5. **Generating Text Embeddings**:
   - The text data is converted into embeddings using a pre-trained model via a custom `embed_fn` function.
   - These embeddings serve as vector representations of the text, suitable for input into a machine learning model.


6. **Building the Classification Model**:
   - A simple neural network model is created using Keras with dense layers.
   - The model is designed to predict the class of the text based on the embeddings.


7. **Training the Model**:
   - The model is trained on the processed text embeddings, with training and validation data split into `x_train`, `y_train`, `x_val`, and `y_val`.
   - Early stopping is applied to avoid overfitting.


8. **Evaluating the Model**:
   - The trained model is evaluated on the test set to determine its accuracy in predicting the correct categories for new text.

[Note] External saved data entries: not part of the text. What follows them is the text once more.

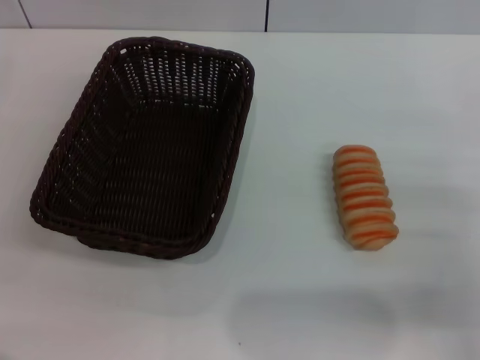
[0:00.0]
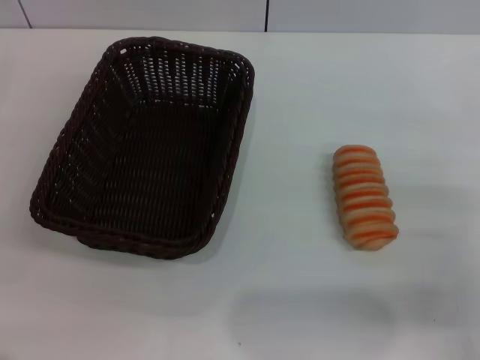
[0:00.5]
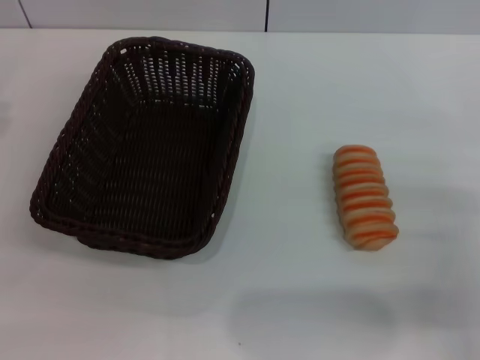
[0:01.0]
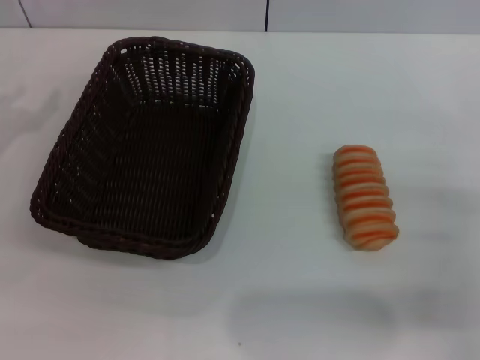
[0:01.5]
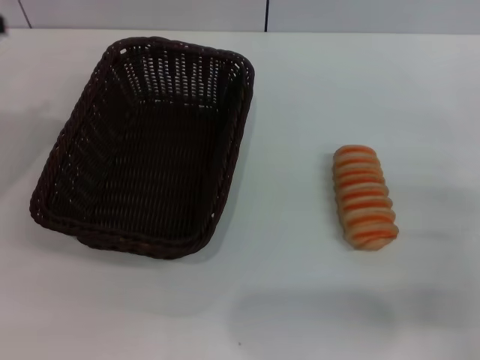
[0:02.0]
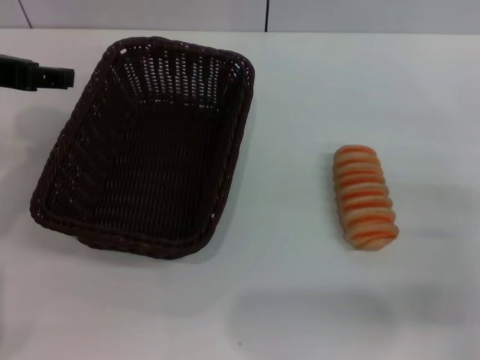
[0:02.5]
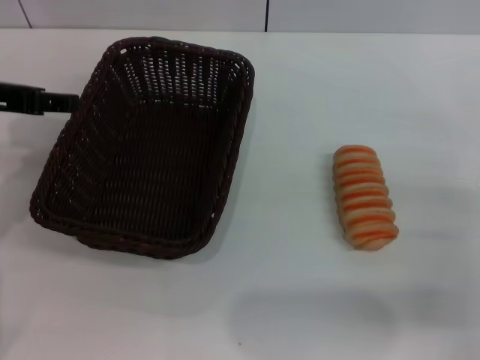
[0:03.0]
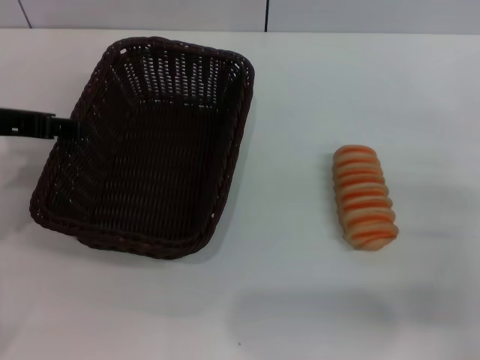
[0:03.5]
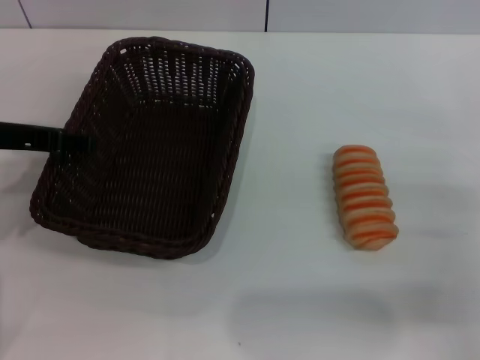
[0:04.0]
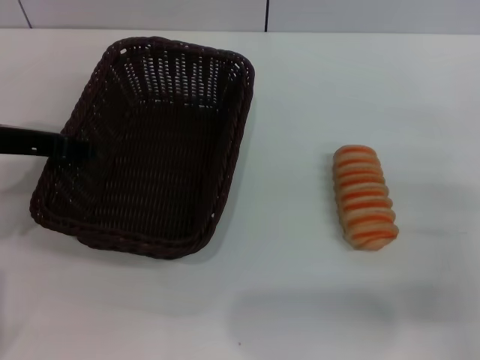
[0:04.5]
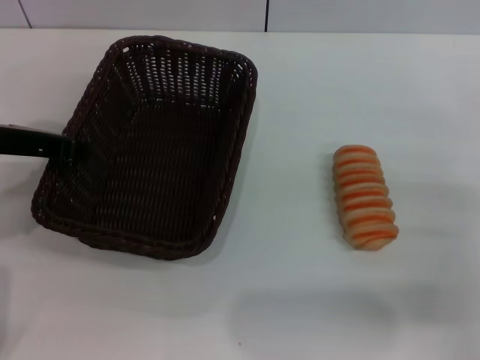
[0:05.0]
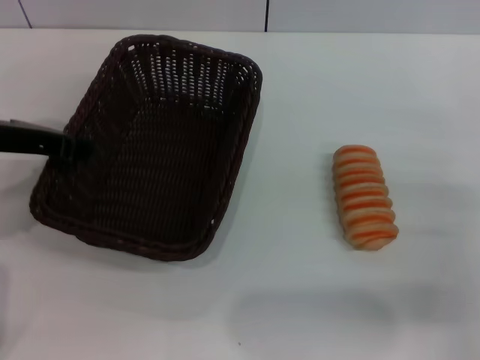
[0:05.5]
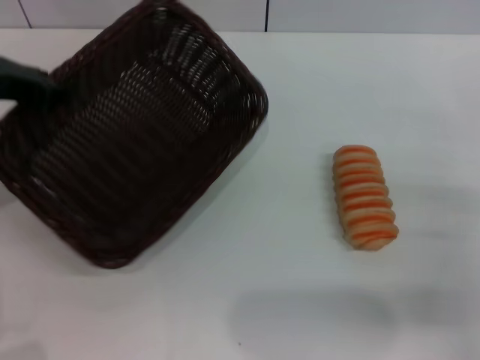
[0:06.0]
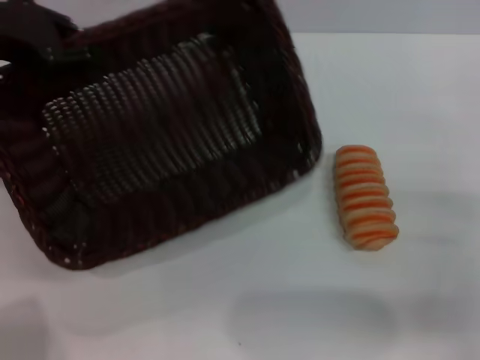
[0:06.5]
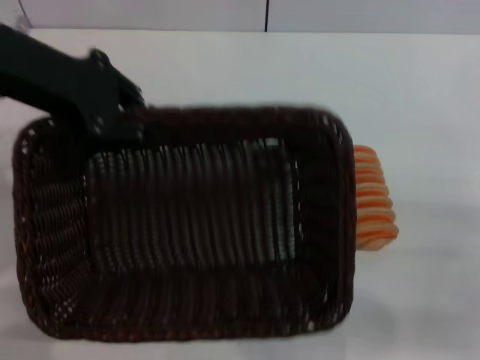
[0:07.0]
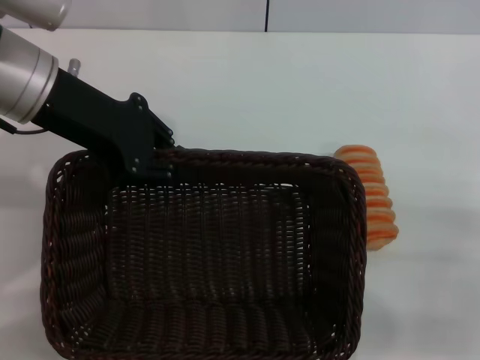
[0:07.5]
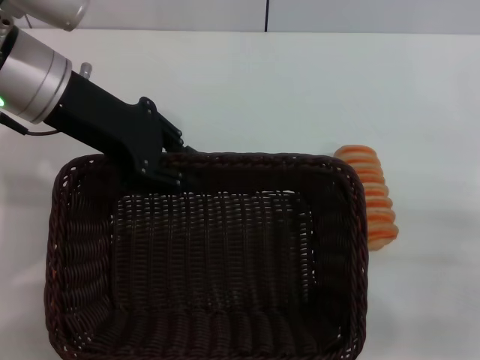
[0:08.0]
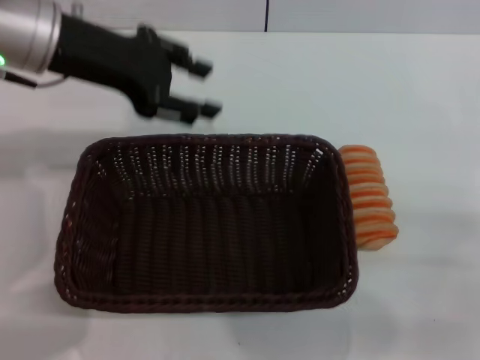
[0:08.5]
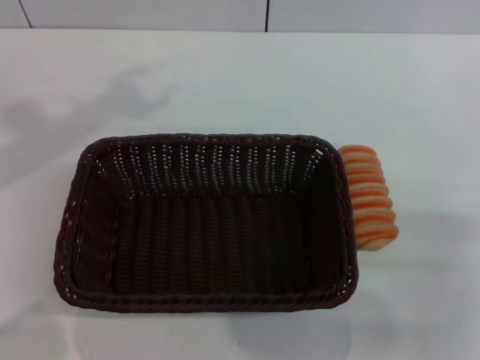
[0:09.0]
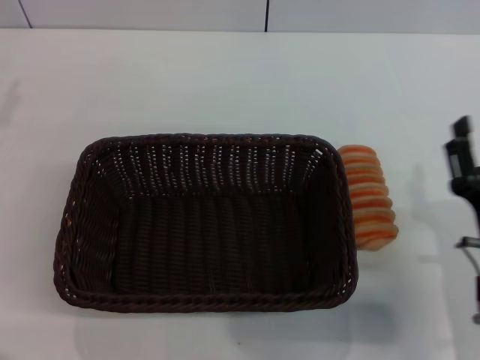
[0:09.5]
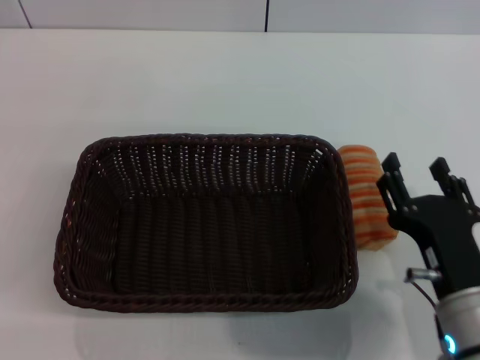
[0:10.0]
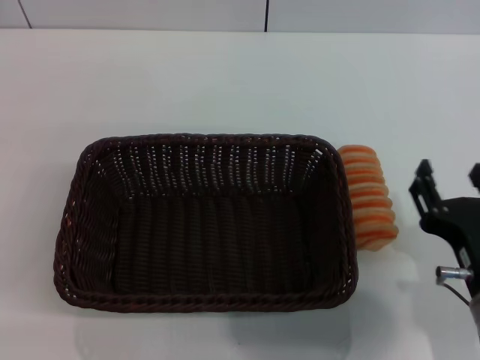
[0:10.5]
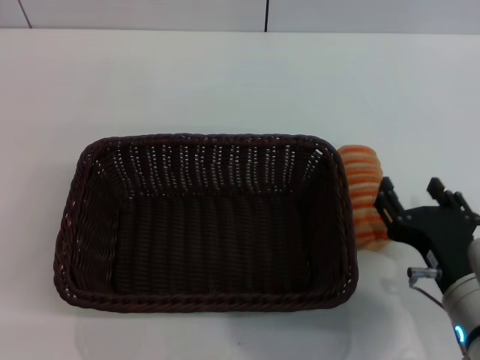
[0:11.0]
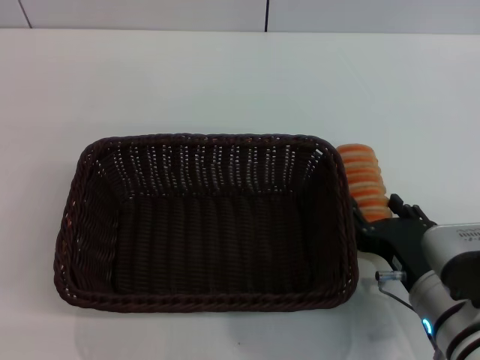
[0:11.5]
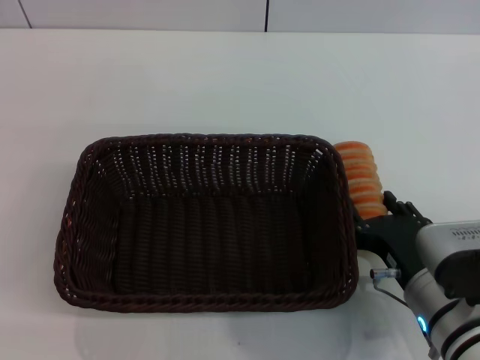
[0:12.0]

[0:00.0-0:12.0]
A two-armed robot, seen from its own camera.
Step, 0:00.0 to 0:06.0: Pick up the dark basket with the left gripper.
Step, 0:06.5 to 0:08.0: Place the dark basket in the center of view with the left gripper.
0:02.0 to 0:04.0: The left gripper heads downward, covering roughly 10 cm.
0:04.0 to 0:06.0: The left gripper closes.
0:06.0 to 0:08.0: The left gripper is displaced to the right by about 10 cm.
0:08.0 to 0:10.0: The left gripper is displaced to the left and backward by about 25 cm, and opens its fingers. The right gripper is displaced to the left by approximately 10 cm.

9. **Prediction on New Text**:
   - An example text (not from the training set) is classified by the trained model, and the predicted category probabilities are printed.

### **Pre-requisite steps**

1. Install the Gemini AI API
2. Import the necessary libraries
3. Setup the API key and add that in the key in this notebook
4. Load the dataset

**Step 1: Install the API**

In [1]:
%pip install -U -q "google-generativeai>=0.8.3"

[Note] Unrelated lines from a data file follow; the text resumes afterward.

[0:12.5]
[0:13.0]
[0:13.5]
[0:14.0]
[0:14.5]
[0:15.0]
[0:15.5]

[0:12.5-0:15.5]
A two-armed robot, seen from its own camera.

Note: you may need to restart the kernel to use updated packages.


**Step 2: Install Libraries**

In [2]:
import google.generativeai as genai

import email
import re

import pandas as pd

**Step 3: Set up API key**

* Generate an API key from: [AI Studio](https://aistudio.google.com/app/apikey) using the [detailed instructions in the docs](https://ai.google.dev/gemini-api/docs/api-key)
* Store the API key in a [Kaggle secret](https://www.kaggle.com/discussions/product-feedback/114053) named `GOOGLE_API_KEY`.
* To make the key available through Kaggle secrets, choose `Secrets` from the `Add-ons` menu and follow the instructions to add your key or enable it for this notebook.

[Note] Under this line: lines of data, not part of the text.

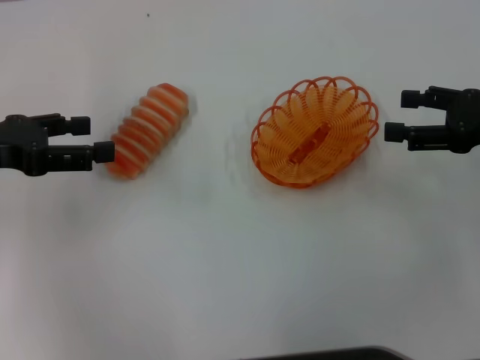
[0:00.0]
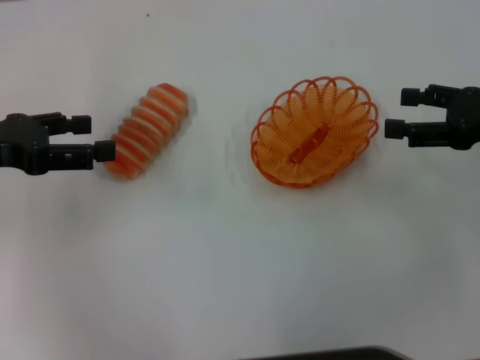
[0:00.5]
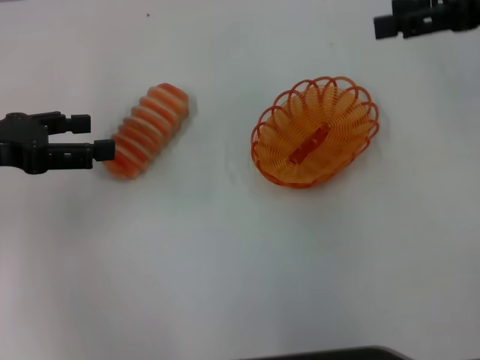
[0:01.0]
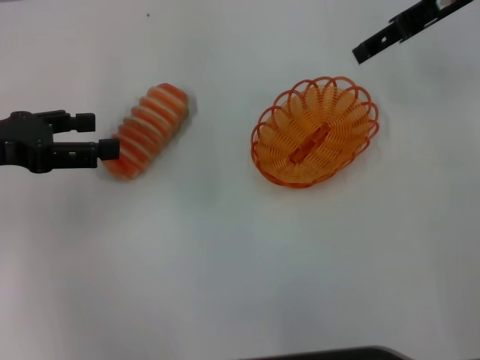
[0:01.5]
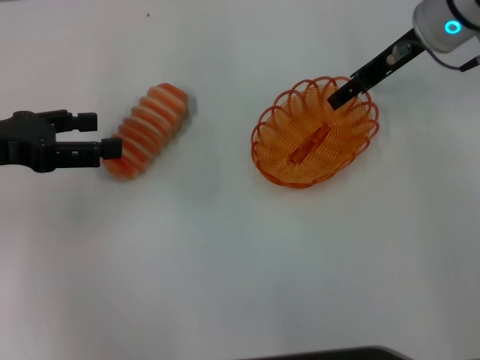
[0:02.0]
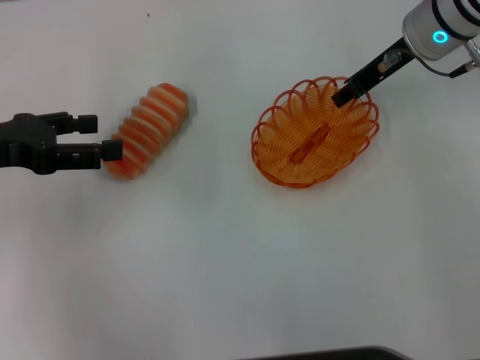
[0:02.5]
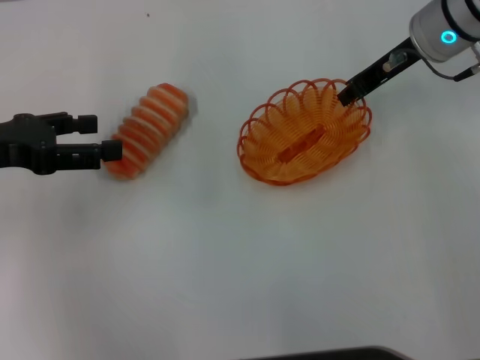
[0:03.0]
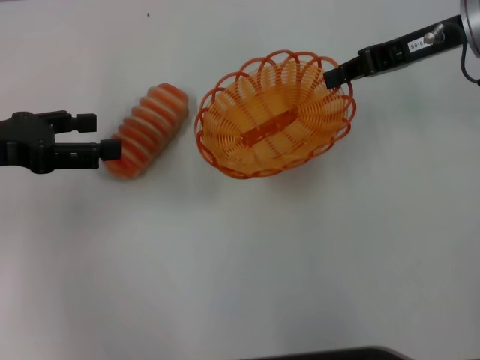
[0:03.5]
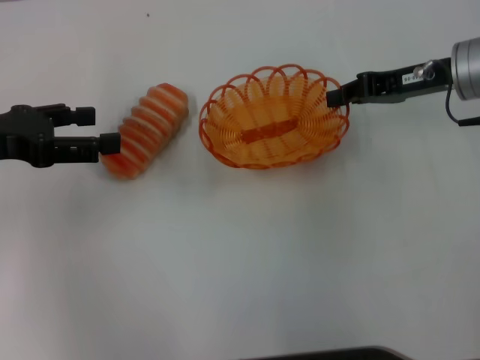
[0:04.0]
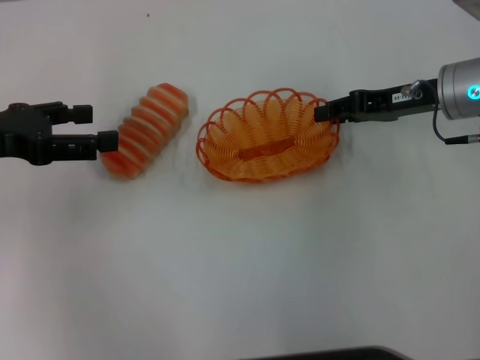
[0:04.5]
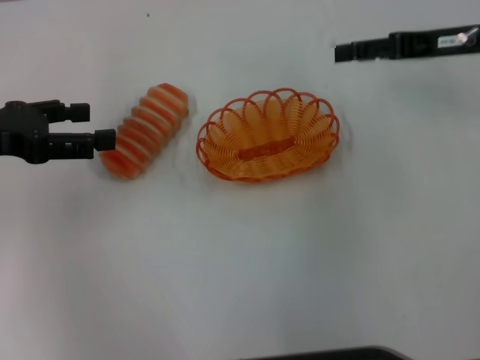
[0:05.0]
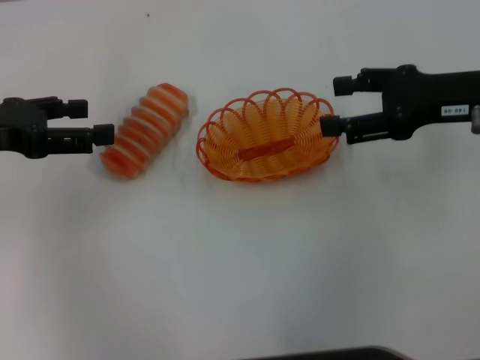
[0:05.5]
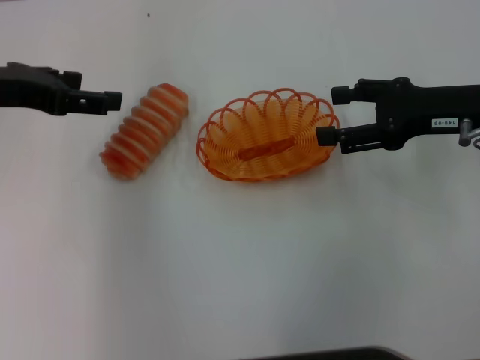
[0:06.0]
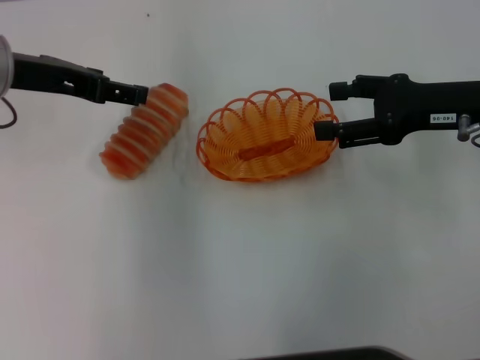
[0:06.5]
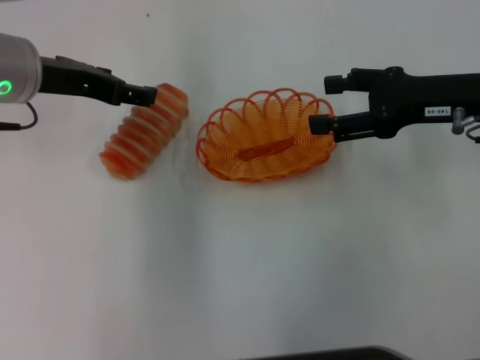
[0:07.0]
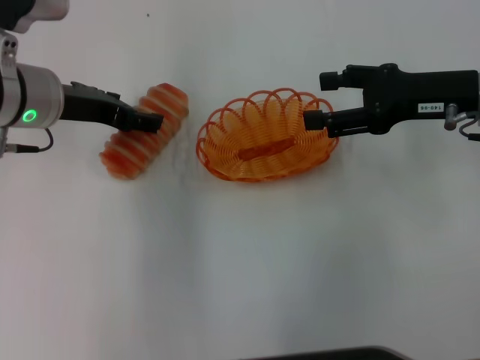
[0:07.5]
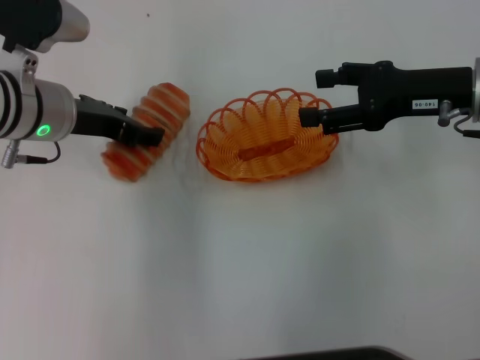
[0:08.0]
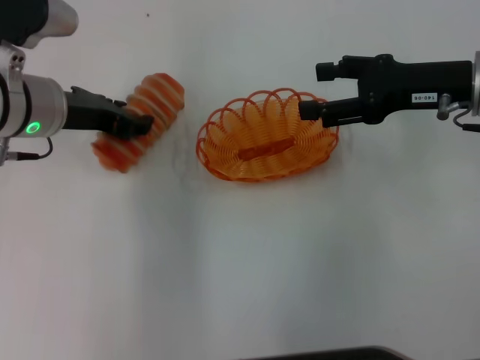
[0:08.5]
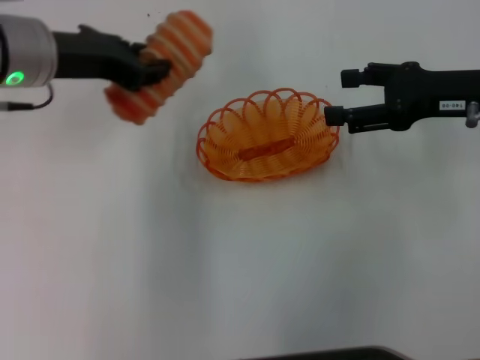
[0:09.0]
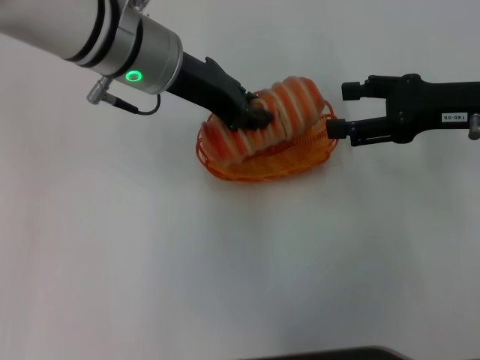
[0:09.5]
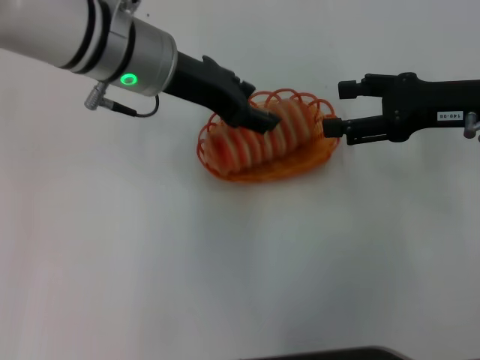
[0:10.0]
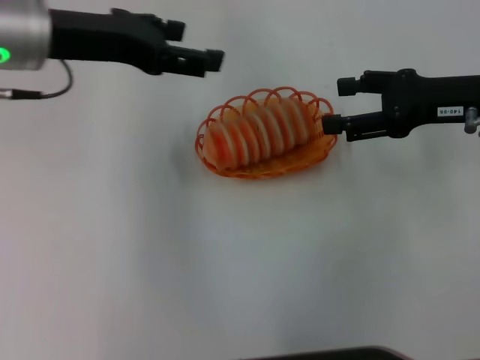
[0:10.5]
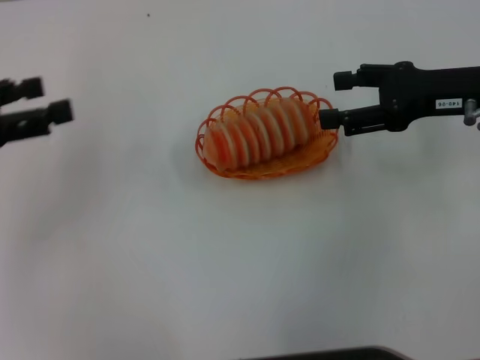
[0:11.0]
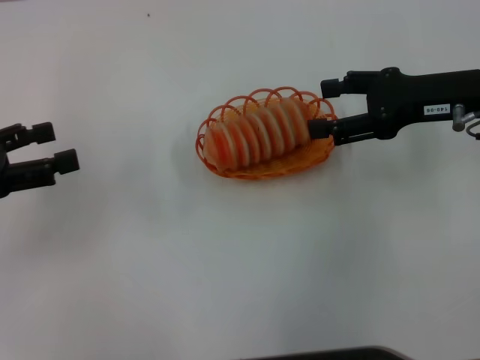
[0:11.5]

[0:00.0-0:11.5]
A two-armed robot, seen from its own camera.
Step, 0:00.0 to 0:03.0: Pick up the basket with the right gripper.
Step, 0:03.5 to 0:06.0: Place the basket in the center of view with the right gripper.
Step, 0:06.5 to 0:08.5: Pick up the long bread with the left gripper.
Step, 0:09.0 to 0:10.5: Place the long bread into the basket with the left gripper.
0:00.0 to 0:02.0: The right gripper heads forward and to the left, covering roughly 20 cm.
0:02.0 to 0:04.0: The right gripper shifts by some 10 cm, and closes.
0:04.0 to 0:06.0: The left gripper changes place by some 5 cm. The right gripper moves backward, about 5 cm, and opens up.
0:06.0 to 0:07.5: The left gripper goes roughly 10 cm to the right and downward.
0:07.5 to 0:09.5: The left gripper shifts approximately 10 cm to the right, and closes up.
0:09.5 to 0:11.5: The left gripper shifts roughly 25 cm to the left and backward, and opens its fingers.

*  *If an error response along the lines of `No user secrets exist for kernel id ...`, is generated, then need to add your API key via `Add-ons`, `Secrets` **and** enable it.

![Screenshot of the checkbox to enable GOOGLE_API_KEY secret](https://storage.googleapis.com/kaggle-media/Images/5gdai_sc_3.png)*

In [3]:
from kaggle_secrets import UserSecretsClient

GOOGLE_API_KEY = UserSecretsClient().get_secret("GOOGLE_API_KEY")
genai.configure(api_key=GOOGLE_API_KEY)

**Step 4: Load the dataset**

The [20 Newsgroups Text Dataset](https://scikit-learn.org/0.19/datasets/twenty_newsgroups.html) contains 18,000 newsgroups posts on 20 topics divided into training and test sets. The split between the training and test datasets are based on messages posted before and after a specific date.

In [4]:
from sklearn.datasets import fetch_20newsgroups

newsgroups_train = fetch_20newsgroups(subset="train")
newsgroups_test = fetch_20newsgroups(subset="test")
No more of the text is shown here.